Geometry processing has a long history of breakthrough developments that have guided design of 3D tools for computer vision, additive manufacturing, scientific computing, and other disciplines. Research in this discipline has led to state-of-the-art approaches to a variety of problems, including the following:
- Acquisition and reconstruction
- Analysis and design for fabrication
- Architectural and industrial geometry
- Computational geometric design
- Computer-aided design and manufacturing
- Data-driven geometry processing
- Discrete differential geometry
- Exploration of shape collections
- Geometry and topology representations
- Geometry compression
- Geometric sorting, clustering, visualization
- Geometric deep learning
- Geometry processing applications
- Interactive shape design and editing
- Isogeometric analysis
- Machine learning in geometry
- Medical image analysis
- Mesh editing and deformation
- Meshing and remeshing
- Modeling for 3D printing
- Multiresolution modeling and subdivision
- Procedural geometric modeling
- Processing of big geometric datasets
- Shape analysis and synthesis
- Simulation and animation
- Smoothing and denoising
- Surface and volume parameterization
The Symposium on Geometry Processing conference annually showcases state-of-the-art research and tutorials in geometry processing; check out their Graduate School website for recorded talks introducing some of the big ideas.
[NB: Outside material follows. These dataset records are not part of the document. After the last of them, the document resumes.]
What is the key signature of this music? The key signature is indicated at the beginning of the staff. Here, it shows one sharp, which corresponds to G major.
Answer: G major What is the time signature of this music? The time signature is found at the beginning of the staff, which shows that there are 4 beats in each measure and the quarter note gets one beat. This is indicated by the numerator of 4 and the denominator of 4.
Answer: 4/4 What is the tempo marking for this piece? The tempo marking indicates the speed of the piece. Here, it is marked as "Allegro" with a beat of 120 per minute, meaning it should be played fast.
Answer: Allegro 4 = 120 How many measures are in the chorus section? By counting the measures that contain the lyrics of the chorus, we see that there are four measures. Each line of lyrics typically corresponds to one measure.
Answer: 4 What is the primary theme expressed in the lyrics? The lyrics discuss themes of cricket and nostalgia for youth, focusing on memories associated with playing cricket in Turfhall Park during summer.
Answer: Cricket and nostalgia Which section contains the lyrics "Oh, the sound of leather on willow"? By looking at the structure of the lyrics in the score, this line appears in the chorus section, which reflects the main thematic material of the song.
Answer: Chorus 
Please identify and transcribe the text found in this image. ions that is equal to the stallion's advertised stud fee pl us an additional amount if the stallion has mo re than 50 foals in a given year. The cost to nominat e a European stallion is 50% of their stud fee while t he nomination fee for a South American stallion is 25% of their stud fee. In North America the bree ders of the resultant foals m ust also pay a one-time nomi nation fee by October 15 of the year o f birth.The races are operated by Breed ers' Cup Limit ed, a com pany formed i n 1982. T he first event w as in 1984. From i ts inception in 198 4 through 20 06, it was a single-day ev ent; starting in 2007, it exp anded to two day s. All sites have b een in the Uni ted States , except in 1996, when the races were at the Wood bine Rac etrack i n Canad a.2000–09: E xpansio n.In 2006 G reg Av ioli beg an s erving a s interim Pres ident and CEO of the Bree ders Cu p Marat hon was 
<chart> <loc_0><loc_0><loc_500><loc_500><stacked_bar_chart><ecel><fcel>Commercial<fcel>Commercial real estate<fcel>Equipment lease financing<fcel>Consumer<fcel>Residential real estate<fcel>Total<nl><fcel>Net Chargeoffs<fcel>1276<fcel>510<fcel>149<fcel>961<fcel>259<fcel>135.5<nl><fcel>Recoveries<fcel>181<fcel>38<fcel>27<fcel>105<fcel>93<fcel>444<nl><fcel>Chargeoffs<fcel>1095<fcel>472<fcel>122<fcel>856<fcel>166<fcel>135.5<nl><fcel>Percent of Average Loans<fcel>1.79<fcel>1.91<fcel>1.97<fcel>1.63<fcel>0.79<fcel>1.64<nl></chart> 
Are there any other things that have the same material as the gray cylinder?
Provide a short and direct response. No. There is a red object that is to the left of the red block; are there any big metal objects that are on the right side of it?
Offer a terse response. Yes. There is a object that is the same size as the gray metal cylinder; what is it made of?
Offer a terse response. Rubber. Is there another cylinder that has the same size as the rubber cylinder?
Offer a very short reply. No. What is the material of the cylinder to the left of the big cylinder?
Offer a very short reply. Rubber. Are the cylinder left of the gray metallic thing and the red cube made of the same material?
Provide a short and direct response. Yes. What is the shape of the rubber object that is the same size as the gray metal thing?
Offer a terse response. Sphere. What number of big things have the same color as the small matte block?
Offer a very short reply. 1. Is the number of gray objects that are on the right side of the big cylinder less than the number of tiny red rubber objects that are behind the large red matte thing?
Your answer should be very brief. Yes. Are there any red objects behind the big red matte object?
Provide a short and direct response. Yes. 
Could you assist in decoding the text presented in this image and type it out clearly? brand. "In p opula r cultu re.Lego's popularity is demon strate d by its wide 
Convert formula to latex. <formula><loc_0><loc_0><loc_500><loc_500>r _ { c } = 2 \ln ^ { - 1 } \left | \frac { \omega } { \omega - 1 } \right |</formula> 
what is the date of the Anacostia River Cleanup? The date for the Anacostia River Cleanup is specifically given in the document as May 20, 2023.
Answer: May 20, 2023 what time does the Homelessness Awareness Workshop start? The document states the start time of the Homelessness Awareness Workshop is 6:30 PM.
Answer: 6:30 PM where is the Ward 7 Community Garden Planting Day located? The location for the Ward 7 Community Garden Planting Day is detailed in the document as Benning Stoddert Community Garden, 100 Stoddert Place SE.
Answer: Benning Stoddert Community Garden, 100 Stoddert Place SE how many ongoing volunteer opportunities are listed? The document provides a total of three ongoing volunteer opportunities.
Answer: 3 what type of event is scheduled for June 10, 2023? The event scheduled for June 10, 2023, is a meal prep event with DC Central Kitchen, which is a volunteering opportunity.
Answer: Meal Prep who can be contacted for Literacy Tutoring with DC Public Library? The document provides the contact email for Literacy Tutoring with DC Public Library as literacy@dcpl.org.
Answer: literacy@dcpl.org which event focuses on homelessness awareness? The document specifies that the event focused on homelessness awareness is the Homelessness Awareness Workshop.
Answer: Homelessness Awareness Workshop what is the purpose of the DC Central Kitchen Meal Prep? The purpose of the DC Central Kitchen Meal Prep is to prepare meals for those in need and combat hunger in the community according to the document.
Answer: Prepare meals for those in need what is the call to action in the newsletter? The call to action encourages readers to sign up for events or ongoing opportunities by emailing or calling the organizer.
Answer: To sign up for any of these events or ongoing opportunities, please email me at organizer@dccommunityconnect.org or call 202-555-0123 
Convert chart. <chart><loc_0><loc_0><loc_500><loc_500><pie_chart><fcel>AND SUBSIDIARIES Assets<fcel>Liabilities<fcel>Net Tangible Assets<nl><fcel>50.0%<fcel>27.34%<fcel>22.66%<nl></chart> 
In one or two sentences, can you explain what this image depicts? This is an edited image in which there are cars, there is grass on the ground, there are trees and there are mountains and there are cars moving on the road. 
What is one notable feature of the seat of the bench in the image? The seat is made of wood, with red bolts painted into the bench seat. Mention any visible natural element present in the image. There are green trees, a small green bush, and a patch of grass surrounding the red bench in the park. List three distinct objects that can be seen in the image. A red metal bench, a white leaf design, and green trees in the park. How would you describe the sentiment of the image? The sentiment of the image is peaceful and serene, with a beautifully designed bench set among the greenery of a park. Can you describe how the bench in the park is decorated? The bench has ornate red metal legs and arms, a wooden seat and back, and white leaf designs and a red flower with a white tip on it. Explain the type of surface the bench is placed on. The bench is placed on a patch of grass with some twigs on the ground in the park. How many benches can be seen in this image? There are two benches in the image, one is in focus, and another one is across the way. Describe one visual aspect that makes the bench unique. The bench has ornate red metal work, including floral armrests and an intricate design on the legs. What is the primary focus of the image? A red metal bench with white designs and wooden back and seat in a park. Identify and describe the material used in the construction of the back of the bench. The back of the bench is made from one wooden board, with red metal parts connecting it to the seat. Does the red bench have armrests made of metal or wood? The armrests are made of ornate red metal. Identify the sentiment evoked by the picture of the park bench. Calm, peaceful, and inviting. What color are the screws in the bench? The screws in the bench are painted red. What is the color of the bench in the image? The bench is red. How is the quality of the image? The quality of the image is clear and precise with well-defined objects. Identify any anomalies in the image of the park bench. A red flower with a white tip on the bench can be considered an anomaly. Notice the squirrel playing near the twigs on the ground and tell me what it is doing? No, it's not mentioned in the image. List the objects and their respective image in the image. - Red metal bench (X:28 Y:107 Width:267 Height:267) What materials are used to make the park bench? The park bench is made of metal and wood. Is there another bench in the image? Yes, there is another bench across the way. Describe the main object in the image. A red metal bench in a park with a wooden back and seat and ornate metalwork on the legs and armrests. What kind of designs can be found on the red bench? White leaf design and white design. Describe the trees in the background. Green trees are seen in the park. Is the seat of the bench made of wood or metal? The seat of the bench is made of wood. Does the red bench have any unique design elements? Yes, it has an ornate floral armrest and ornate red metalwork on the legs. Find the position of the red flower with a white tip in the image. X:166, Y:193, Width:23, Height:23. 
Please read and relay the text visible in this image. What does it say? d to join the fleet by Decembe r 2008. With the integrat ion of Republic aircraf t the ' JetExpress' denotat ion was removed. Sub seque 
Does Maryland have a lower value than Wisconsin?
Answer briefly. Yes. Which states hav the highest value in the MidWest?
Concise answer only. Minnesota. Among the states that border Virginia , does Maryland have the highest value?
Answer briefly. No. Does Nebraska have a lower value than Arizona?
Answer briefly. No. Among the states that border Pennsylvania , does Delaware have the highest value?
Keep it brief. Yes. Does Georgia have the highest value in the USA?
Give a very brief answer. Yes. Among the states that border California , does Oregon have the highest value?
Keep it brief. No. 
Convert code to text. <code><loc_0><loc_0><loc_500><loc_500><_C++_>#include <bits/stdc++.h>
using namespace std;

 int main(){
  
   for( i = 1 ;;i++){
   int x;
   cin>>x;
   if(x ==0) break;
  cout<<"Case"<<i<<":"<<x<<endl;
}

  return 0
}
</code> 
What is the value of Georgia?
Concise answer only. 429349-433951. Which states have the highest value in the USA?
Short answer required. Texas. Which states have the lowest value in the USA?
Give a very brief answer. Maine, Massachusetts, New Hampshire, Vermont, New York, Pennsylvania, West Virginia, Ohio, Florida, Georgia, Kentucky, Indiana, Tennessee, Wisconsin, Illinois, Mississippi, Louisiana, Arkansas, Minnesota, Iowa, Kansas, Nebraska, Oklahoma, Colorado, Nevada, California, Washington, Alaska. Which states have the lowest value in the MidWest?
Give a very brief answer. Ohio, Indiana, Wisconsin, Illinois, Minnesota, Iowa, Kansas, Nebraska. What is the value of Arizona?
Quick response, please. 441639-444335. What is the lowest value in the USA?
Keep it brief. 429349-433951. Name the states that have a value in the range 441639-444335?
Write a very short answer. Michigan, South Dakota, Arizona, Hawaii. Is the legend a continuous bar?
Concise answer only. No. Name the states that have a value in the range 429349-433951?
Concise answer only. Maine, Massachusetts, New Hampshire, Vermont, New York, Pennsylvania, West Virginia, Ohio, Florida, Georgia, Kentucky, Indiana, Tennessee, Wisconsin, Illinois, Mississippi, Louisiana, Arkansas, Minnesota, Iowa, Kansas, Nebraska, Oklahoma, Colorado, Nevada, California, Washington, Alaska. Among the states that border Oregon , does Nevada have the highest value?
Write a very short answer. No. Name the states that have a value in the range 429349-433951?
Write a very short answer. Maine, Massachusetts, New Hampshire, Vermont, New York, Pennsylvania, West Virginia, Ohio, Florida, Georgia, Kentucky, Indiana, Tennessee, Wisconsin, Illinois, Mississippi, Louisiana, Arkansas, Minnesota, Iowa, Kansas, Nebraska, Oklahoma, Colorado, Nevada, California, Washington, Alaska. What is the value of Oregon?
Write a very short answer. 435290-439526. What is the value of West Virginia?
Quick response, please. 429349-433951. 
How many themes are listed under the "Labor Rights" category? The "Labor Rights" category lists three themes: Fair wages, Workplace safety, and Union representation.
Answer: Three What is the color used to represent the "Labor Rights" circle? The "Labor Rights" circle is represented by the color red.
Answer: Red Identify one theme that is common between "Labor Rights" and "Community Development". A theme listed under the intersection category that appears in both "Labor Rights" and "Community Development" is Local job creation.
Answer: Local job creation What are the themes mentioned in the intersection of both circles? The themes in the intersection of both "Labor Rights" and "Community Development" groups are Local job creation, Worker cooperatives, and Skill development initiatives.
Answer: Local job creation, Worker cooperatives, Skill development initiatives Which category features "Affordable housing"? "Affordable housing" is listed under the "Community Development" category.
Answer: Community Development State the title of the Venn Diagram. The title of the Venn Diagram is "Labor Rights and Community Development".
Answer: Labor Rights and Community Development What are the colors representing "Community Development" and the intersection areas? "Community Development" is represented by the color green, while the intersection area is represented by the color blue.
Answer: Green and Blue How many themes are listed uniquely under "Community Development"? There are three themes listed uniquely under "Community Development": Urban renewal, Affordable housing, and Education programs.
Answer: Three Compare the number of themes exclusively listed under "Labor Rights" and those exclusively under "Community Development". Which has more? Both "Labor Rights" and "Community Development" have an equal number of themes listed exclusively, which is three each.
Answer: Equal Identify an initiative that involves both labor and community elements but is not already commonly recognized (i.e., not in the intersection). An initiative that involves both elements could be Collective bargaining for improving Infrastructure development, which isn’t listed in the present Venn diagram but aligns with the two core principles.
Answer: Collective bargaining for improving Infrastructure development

Individual projects pursued week-to-week in our program will depend on the mentors who attend. Given recent focuses in geometry processing research, a sampling of problems likely to be targeted during SGI includes the following:
- Robust geometry processing: Motivated by computer graphics applications, classical geometry processing algorithms often assume smooth, manifold meshes as input, like those designed by artists and professional engineers. We will aim to broaden the scope of geometry processing to computer vision and rapid prototyping by developing new algorithms and software that apply to messy, incomplete signals coming from raw sensor data and novice users.
- High-throughput shape analysis: In an effort to apply geometry processing to highly-detailed shapes as well as large datasets of models, new geometry processing algorithms have to take into account new models of parallel computation, with potential to advance not only classical applications in geometry but also PDE and simulation tools.
- Machine learning for geometry: The vast expansion of machine learning research so far has had a fairly limited effect on geometry processing. A primary reason for this disconnect is that popular tools for modern machine learning---specifically, convolutional neural networks---are not well-suited to the shape representations needed in many geometric applications (meshes, CAD models, and so on). Many projects are focused on developing sensible learning techniques built from the ground up to ingest shapes rather than images or isolated data points.
- Higher-dimensional geometry processing: The majority of geometry processing research projects focus on surfaces as two-dimensional objects embedded in 3D. New methods are being developed for volumes and even higher-dimensional manifolds of data points, drawing on intuition built in studying the lower-dimensional case.